• [ASSIGNED TASK]:
The records below hold pictures; please leave those out and retype the rest exactly.

RECORDS FOR PROCESSING: Begin

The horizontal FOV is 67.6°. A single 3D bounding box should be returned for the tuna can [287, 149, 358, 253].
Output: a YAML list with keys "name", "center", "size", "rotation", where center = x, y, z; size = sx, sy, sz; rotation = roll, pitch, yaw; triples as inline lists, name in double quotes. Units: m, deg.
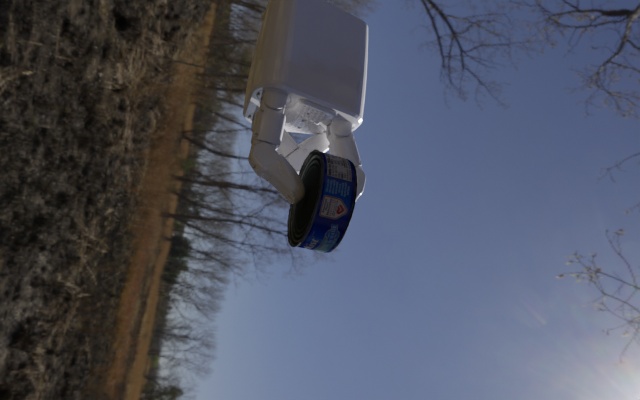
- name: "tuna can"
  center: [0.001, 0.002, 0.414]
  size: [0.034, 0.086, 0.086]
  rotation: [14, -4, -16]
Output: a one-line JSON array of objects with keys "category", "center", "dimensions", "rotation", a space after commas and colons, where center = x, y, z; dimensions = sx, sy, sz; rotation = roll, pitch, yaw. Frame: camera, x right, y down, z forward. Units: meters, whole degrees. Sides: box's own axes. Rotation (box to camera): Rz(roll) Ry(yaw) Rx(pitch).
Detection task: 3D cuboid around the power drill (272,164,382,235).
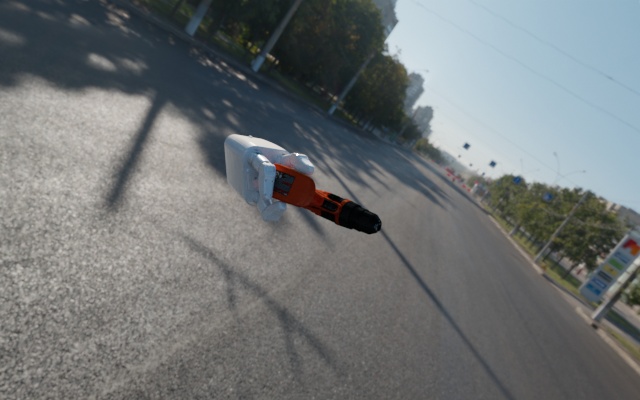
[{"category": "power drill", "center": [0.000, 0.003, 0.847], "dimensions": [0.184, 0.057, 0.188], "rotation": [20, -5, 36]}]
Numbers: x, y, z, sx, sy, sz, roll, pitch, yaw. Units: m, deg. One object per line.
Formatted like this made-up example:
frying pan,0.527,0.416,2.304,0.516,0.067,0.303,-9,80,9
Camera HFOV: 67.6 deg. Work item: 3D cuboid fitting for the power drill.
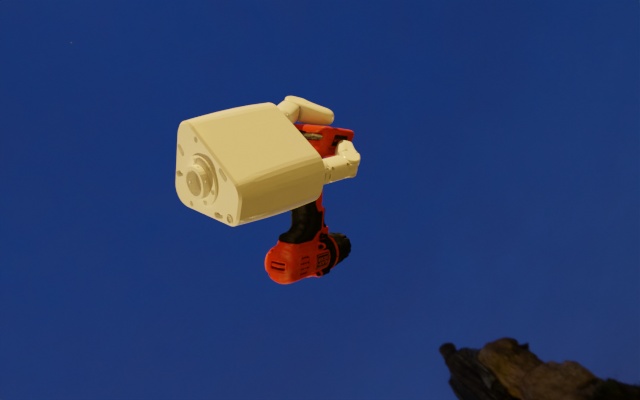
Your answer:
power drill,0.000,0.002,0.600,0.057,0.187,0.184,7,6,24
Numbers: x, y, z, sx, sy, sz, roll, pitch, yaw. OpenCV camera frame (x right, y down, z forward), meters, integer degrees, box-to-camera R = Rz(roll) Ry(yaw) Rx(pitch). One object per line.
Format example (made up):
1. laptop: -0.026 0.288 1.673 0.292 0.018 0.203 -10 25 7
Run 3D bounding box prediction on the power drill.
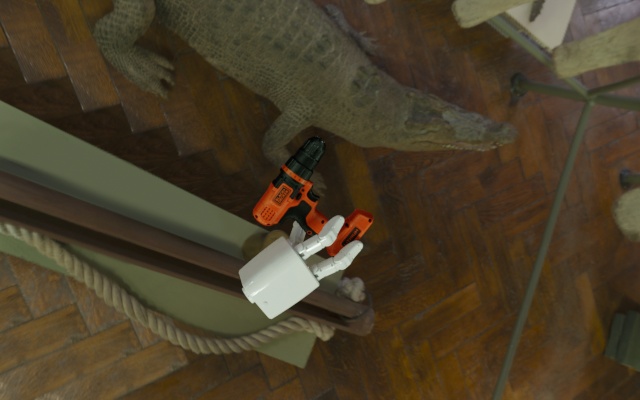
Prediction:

RECORDS FOR PROCESSING: End

• [SOLUTION TO THE EXERCISE]:
The horizontal FOV is 67.6°. A single 3D bounding box should be returned for the tuna can [287, 149, 358, 253].
Output: a YAML list with keys "name", "center", "size", "rotation", where center = x, y, z; size = sx, sy, sz; rotation = roll, pitch, yaw; triples as inline lists, name in double quotes. Units: m, deg.
- name: "tuna can"
  center: [0.001, 0.002, 0.414]
  size: [0.034, 0.086, 0.086]
  rotation: [14, -4, -16]
Output: a one-line JSON array of objects with keys "category", "center", "dimensions", "rotation", a space after commas and colons, where center = x, y, z; dimensions = sx, sy, sz; rotation = roll, pitch, yaw. Frame: camera, x right, y down, z forward. Units: meters, whole degrees. Sides: box's own axes. Rotation (box to camera): Rz(roll) Ry(yaw) Rx(pitch).
Detection task: 3D cuboid around the power drill (272,164,382,235).
[{"category": "power drill", "center": [0.000, 0.003, 0.847], "dimensions": [0.184, 0.057, 0.188], "rotation": [20, -5, 36]}]
Numbers: x, y, z, sx, sy, sz, roll, pitch, yaw. Units: m, deg. One object per line.
Formatted like this made-up example:
frying pan,0.527,0.416,2.304,0.516,0.067,0.303,-9,80,9
Camera HFOV: 67.6 deg. Work item: 3D cuboid fitting for the power drill.
Your answer:
power drill,0.000,0.002,0.600,0.057,0.187,0.184,7,6,24
Numbers: x, y, z, sx, sy, sz, roll, pitch, yaw. OpenCV camera frame (x right, y down, z forward), meters, integer degrees, box-to-camera R = Rz(roll) Ry(yaw) Rx(pitch). One object per line.
Format example (made up):
1. laptop: -0.026 0.288 1.673 0.292 0.018 0.203 -10 25 7
Run 3D bounding box prediction on the power drill.
Prediction:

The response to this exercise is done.